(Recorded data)
■ ■ ■ ■

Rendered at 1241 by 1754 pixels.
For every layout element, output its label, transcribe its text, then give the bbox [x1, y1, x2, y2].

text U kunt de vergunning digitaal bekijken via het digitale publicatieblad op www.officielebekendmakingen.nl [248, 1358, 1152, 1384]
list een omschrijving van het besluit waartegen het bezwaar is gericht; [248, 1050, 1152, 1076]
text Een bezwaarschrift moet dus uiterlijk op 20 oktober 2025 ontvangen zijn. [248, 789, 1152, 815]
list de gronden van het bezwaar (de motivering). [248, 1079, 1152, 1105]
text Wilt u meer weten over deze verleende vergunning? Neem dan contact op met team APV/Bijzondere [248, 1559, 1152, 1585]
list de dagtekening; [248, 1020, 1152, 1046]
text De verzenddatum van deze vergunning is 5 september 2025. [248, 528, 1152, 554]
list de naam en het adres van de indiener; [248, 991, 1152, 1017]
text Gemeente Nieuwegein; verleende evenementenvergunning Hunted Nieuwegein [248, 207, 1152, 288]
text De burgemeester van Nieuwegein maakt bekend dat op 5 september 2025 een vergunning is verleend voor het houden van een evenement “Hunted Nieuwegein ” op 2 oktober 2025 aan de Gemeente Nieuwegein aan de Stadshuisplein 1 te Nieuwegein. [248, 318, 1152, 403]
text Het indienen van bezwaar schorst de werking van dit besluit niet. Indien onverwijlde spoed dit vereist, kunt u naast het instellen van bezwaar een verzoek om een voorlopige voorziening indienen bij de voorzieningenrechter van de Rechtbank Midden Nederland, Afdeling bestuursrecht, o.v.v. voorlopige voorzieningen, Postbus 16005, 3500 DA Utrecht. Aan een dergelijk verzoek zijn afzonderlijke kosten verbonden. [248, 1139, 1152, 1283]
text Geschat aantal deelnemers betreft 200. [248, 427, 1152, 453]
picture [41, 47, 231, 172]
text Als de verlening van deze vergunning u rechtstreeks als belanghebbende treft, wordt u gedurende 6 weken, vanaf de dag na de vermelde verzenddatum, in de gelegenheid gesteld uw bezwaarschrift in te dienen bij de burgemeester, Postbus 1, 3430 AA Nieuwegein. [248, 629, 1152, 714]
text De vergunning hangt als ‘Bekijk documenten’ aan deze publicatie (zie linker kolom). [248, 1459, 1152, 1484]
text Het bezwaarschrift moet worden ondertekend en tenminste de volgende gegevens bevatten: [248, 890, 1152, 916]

■ ■ ■ ■

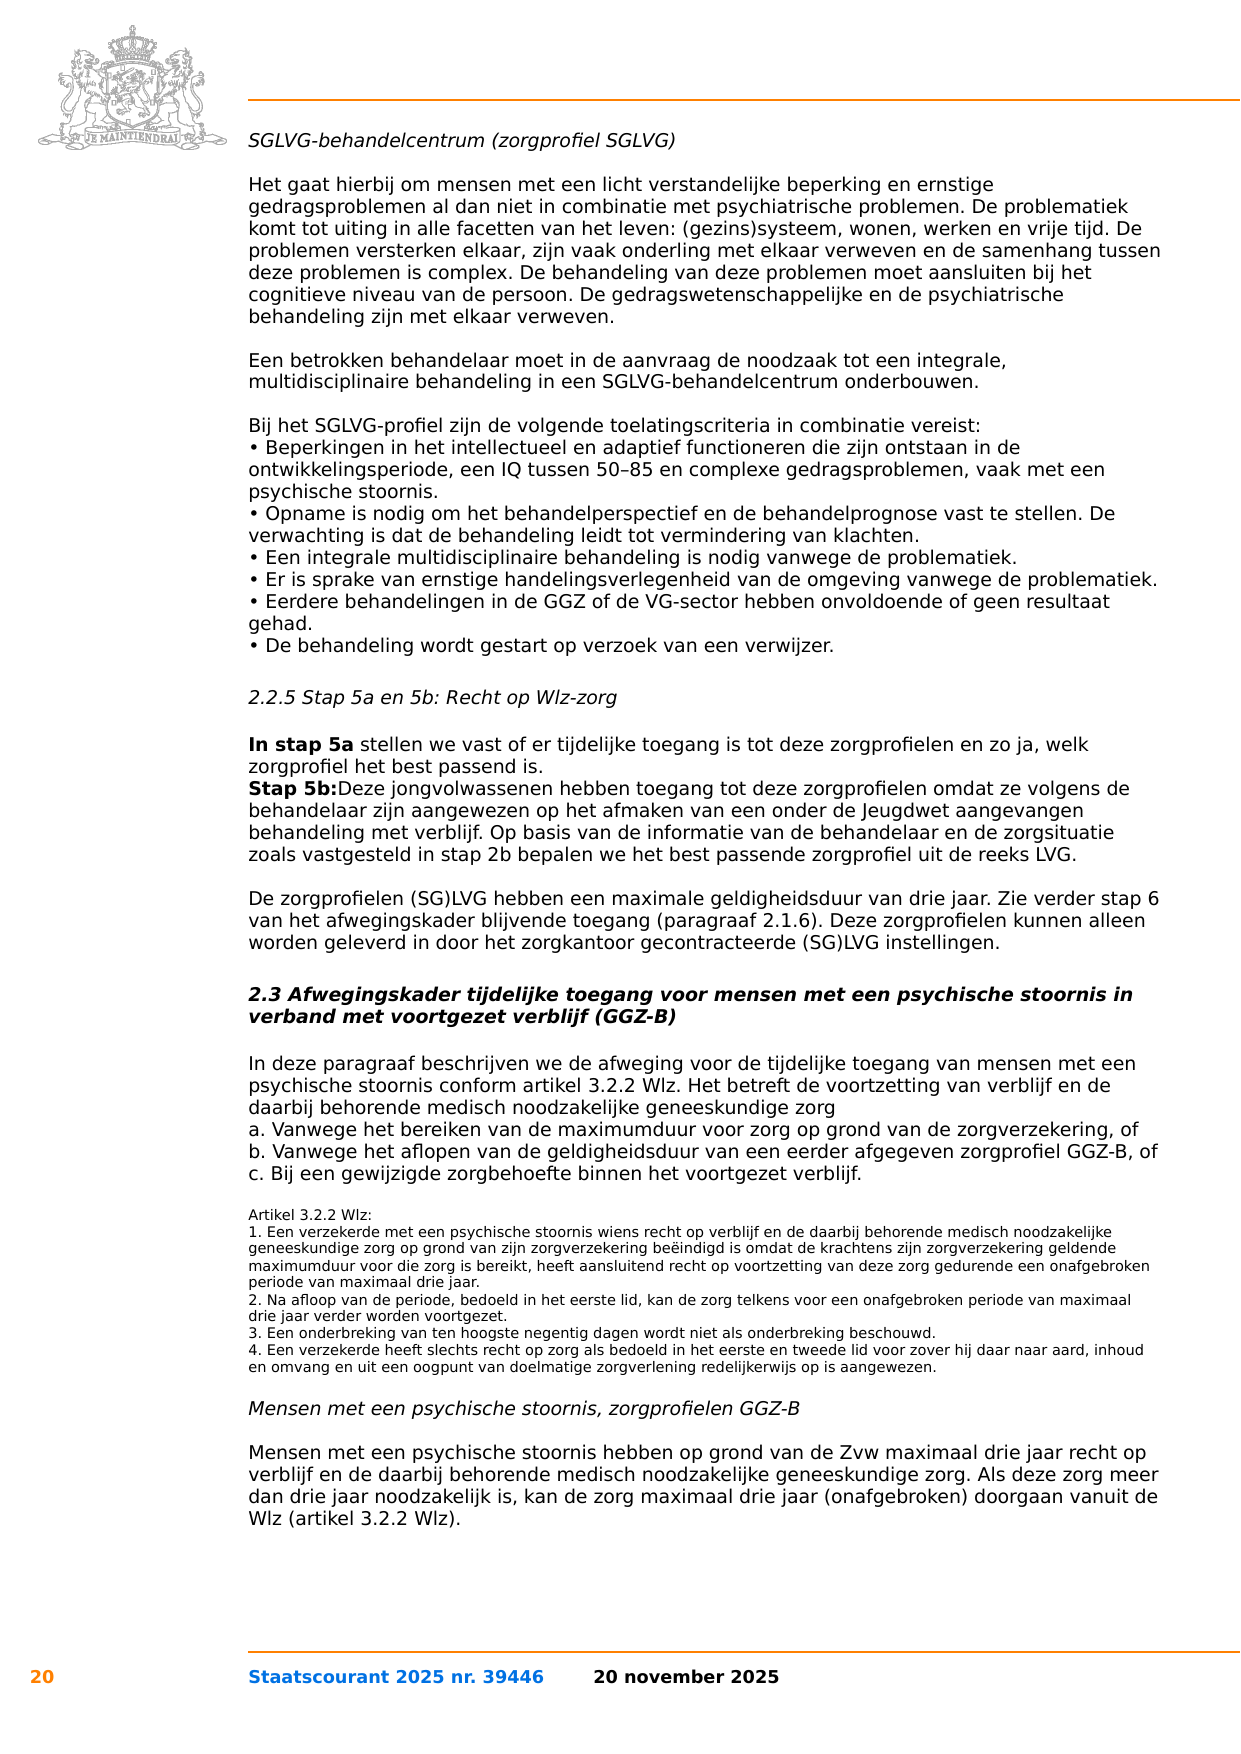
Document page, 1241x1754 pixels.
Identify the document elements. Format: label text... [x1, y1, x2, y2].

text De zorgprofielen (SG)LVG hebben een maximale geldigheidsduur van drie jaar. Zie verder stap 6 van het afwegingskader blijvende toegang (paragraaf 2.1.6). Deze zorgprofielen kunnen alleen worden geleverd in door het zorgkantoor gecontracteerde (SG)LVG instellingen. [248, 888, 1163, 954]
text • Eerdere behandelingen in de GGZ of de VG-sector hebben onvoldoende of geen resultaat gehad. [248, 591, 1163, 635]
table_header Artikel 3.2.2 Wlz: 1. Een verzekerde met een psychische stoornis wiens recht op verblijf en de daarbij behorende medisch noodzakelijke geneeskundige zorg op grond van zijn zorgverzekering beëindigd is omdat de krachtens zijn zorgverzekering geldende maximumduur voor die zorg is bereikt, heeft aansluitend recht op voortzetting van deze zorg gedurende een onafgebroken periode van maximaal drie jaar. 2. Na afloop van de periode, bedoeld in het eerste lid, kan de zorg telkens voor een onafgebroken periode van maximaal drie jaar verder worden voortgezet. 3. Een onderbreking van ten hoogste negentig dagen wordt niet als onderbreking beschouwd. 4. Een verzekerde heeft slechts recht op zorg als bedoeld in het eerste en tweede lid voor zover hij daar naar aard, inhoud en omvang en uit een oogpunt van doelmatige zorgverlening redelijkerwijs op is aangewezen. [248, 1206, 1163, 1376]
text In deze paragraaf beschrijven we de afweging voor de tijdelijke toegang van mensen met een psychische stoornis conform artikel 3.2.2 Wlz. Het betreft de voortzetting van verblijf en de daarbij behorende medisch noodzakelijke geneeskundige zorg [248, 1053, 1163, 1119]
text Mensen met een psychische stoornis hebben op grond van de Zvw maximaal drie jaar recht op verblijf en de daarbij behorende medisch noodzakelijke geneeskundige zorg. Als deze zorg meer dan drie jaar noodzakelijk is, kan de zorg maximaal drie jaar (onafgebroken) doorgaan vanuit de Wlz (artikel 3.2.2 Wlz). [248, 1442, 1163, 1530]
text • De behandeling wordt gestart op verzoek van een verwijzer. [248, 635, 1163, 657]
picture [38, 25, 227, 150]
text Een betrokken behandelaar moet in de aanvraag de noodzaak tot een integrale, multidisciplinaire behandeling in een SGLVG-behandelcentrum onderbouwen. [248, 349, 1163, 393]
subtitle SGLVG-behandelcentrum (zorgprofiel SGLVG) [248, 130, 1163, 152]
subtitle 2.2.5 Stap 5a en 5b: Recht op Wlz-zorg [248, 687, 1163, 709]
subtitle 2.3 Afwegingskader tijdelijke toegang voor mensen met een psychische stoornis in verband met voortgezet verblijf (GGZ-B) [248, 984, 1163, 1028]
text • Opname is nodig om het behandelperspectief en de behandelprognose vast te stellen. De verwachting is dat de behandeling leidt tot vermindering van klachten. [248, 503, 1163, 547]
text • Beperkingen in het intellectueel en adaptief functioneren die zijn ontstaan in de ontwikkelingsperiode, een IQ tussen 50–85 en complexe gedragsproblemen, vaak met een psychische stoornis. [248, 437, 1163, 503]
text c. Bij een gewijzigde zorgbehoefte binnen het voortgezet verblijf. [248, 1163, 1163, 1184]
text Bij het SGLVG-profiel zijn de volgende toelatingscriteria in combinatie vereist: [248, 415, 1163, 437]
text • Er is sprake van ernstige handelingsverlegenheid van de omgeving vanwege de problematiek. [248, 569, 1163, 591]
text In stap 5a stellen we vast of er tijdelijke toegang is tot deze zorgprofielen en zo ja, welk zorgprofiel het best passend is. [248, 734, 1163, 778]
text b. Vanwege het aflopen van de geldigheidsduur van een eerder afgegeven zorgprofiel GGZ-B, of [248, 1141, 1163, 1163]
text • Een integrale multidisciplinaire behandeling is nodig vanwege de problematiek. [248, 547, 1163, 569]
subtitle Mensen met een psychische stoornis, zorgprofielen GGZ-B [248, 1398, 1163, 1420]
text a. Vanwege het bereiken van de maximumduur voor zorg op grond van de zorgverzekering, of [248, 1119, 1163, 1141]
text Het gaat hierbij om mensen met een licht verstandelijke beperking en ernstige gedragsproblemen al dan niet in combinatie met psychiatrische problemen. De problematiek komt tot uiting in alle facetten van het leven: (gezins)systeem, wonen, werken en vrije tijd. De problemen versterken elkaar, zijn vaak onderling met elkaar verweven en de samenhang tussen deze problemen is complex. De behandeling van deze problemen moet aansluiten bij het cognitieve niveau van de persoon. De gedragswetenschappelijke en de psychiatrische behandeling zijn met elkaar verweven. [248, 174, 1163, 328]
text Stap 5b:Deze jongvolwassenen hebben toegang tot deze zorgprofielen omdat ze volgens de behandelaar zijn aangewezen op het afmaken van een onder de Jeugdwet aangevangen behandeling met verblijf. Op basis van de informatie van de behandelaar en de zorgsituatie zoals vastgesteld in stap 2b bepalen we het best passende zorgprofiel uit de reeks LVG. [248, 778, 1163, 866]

■ ■ ■ ■

• **Problem statement**
Please transcribe only the lines in the records above running from the line that has "text De zorgprofielen" through the line that has "text • Eerdere", both included, exactly as they appear.

• **Final answer**
text De zorgprofielen (SG)LVG hebben een maximale geldigheidsduur van drie jaar. Zie verder stap 6 van het afwegingskader blijvende toegang (paragraaf 2.1.6). Deze zorgprofielen kunnen alleen worden geleverd in door het zorgkantoor gecontracteerde (SG)LVG instellingen. [248, 888, 1163, 954]
text • Eerdere behandelingen in de GGZ of de VG-sector hebben onvoldoende of geen resultaat gehad. [248, 591, 1163, 635]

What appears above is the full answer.